According to a People report, Katy Perry has been reportedly awarded $1.8 million in damages by a judge following her legal battle with Carl Westcott, a disabled, old veteran.
The figure was calculated by offsetting the home’s rental value during the delayed closing against Westcott’s retained capital and lost interest.
Reportedly, as per the court ruling, Katy Perry’s business manager at a certain time had paid $9 million to Westcott and had kept the remainder of $6 million. A total of $1.8 million will be subtracted from the remaining money. Moreover, he has also been requested by the court to prepare legal documentation.

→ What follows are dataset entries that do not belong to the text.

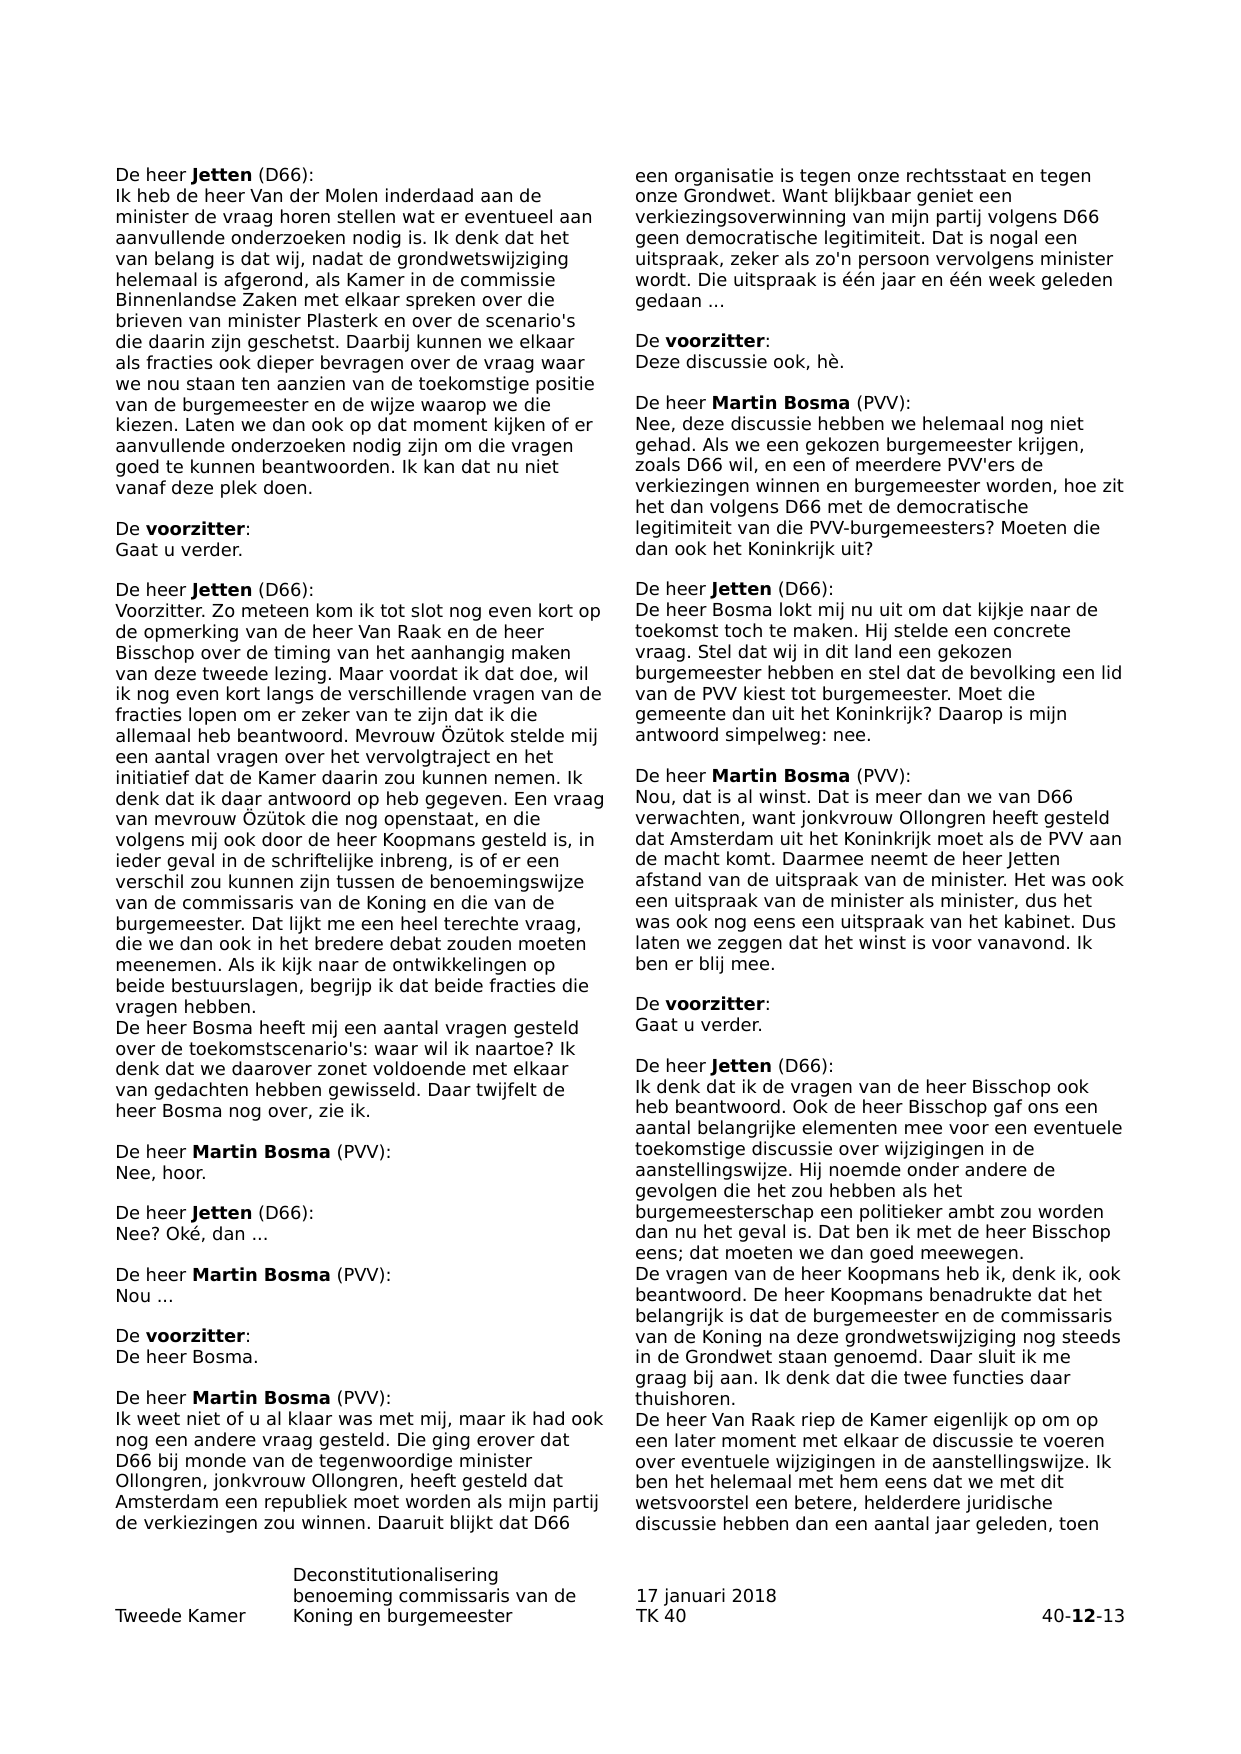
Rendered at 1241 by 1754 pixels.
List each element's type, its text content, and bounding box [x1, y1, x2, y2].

text De heer Jetten (D66): [115, 165, 605, 186]
text De voorzitter: [115, 1326, 605, 1347]
text Gaat u verder. [115, 539, 605, 560]
text De heer Van Raak riep de Kamer eigenlijk op om op een later moment met elkaar de discussie te voeren over eventuele wijzigingen in de aanstellingswijze. Ik ben het helemaal met hem eens dat we met dit wetsvoorstel een betere, helderdere juridische discussie hebben dan een aantal jaar geleden, toen [635, 1410, 1125, 1535]
text Nou ... [115, 1286, 605, 1306]
text Nee? Oké, dan ... [115, 1224, 605, 1245]
text De heer Martin Bosma (PVV): [115, 1142, 605, 1162]
text De heer Jetten (D66): [635, 579, 1125, 600]
text De heer Bosma lokt mij nu uit om dat kijkje naar de toekomst toch te maken. Hij stelde een concrete vraag. Stel dat wij in dit land een gekozen burgemeester hebben en stel dat de bevolking een lid van de PVV kiest tot burgemeester. Moet die gemeente dan uit het Koninkrijk? Daarop is mijn antwoord simpelweg: nee. [635, 600, 1125, 746]
text Nee, deze discussie hebben we helemaal nog niet gehad. Als we een gekozen burgemeester krijgen, zoals D66 wil, en een of meerdere PVV'ers de verkiezingen winnen en burgemeester worden, hoe zit het dan volgens D66 met de democratische legitimiteit van die PVV-burgemeesters? Moeten die dan ook het Koninkrijk uit? [635, 413, 1125, 559]
text Ik denk dat ik de vragen van de heer Bisschop ook heb beantwoord. Ook de heer Bisschop gaf ons een aantal belangrijke elementen mee voor een eventuele toekomstige discussie over wijzigingen in de aanstellingswijze. Hij noemde onder andere de gevolgen die het zou hebben als het burgemeesterschap een politieker ambt zou worden dan nu het geval is. Dat ben ik met de heer Bisschop eens; dat moeten we dan goed meewegen. [635, 1076, 1125, 1264]
text De heer Jetten (D66): [115, 1203, 605, 1224]
text De heer Bosma. [115, 1347, 605, 1368]
text De heer Jetten (D66): [635, 1056, 1125, 1076]
text De heer Martin Bosma (PVV): [635, 766, 1125, 787]
text een organisatie is tegen onze rechtsstaat en tegen onze Grondwet. Want blijkbaar geniet een verkiezingsoverwinning van mijn partij volgens D66 geen democratische legitimiteit. Dat is nogal een uitspraak, zeker als zo'n persoon vervolgens minister wordt. Die uitspraak is één jaar en één week geleden gedaan ... [635, 165, 1125, 311]
text De voorzitter: [635, 331, 1125, 352]
text Ik heb de heer Van der Molen inderdaad aan de minister de vraag horen stellen wat er eventueel aan aanvullende onderzoeken nodig is. Ik denk dat het van belang is dat wij, nadat de grondwetswijziging helemaal is afgerond, als Kamer in de commissie Binnenlandse Zaken met elkaar spreken over die brieven van minister Plasterk en over de scenario's die daarin zijn geschetst. Daarbij kunnen we elkaar als fracties ook dieper bevragen over de vraag waar we nou staan ten aanzien van de toekomstige positie van de burgemeester en de wijze waarop we die kiezen. Laten we dan ook op dat moment kijken of er aanvullende onderzoeken nodig zijn om die vragen goed te kunnen beantwoorden. Ik kan dat nu niet vanaf deze plek doen. [115, 186, 605, 498]
text Gaat u verder. [635, 1015, 1125, 1036]
text De heer Jetten (D66): [115, 580, 605, 601]
text Voorzitter. Zo meteen kom ik tot slot nog even kort op de opmerking van de heer Van Raak en de heer Bisschop over de timing van het aanhangig maken van deze tweede lezing. Maar voordat ik dat doe, wil ik nog even kort langs de verschillende vragen van de fracties lopen om er zeker van te zijn dat ik die allemaal heb beantwoord. Mevrouw Özütok stelde mij een aantal vragen over het vervolgtraject en het initiatief dat de Kamer daarin zou kunnen nemen. Ik denk dat ik daar antwoord op heb gegeven. Een vraag van mevrouw Özütok die nog openstaat, en die volgens mij ook door de heer Koopmans gesteld is, in ieder geval in de schriftelijke inbreng, is of er een verschil zou kunnen zijn tussen de benoemingswijze van de commissaris van de Koning en die van de burgemeester. Dat lijkt me een heel terechte vraag, die we dan ook in het bredere debat zouden moeten meenemen. Als ik kijk naar de ontwikkelingen op beide bestuurslagen, begrijp ik dat beide fracties die vragen hebben. [115, 601, 605, 1017]
text Ik weet niet of u al klaar was met mij, maar ik had ook nog een andere vraag gesteld. Die ging erover dat D66 bij monde van de tegenwoordige minister Ollongren, jonkvrouw Ollongren, heeft gesteld dat Amsterdam een republiek moet worden als mijn partij de verkiezingen zou winnen. Daaruit blijkt dat D66 [115, 1409, 605, 1534]
text De voorzitter: [115, 518, 605, 539]
text De heer Martin Bosma (PVV): [635, 393, 1125, 413]
text De heer Martin Bosma (PVV): [115, 1265, 605, 1286]
text Deze discussie ook, hè. [635, 352, 1125, 373]
text De heer Martin Bosma (PVV): [115, 1388, 605, 1409]
text Nou, dat is al winst. Dat is meer dan we van D66 verwachten, want jonkvrouw Ollongren heeft gesteld dat Amsterdam uit het Koninkrijk moet als de PVV aan de macht komt. Daarmee neemt de heer Jetten afstand van de uitspraak van de minister. Het was ook een uitspraak van de minister als minister, dus het was ook nog eens een uitspraak van het kabinet. Dus laten we zeggen dat het winst is voor vanavond. Ik ben er blij mee. [635, 787, 1125, 974]
text De voorzitter: [635, 994, 1125, 1015]
text De heer Bosma heeft mij een aantal vragen gesteld over de toekomstscenario's: waar wil ik naartoe? Ik denk dat we daarover zonet voldoende met elkaar van gedachten hebben gewisseld. Daar twijfelt de heer Bosma nog over, zie ik. [115, 1017, 605, 1122]
text Nee, hoor. [115, 1162, 605, 1183]
text De vragen van de heer Koopmans heb ik, denk ik, ook beantwoord. De heer Koopmans benadrukte dat het belangrijk is dat de burgemeester en de commissaris van de Koning na deze grondwetswijziging nog steeds in de Grondwet staan genoemd. Daar sluit ik me graag bij aan. Ik denk dat die twee functies daar thuishoren. [635, 1264, 1125, 1410]

Reportedly, Katy Perry had bought a singer from Carl Westcott in 2020, but within days, the businessman backtracked from the deal, claiming that he was incapacitated due to painkillers when he signed the paperwork.
This backtracking of his led to the legal battle between the duo over the sale of an eight-bedroom, 11-bathroom home in the upscale community that sees several residents, including Oprah Winfrey and many more. (Agencies)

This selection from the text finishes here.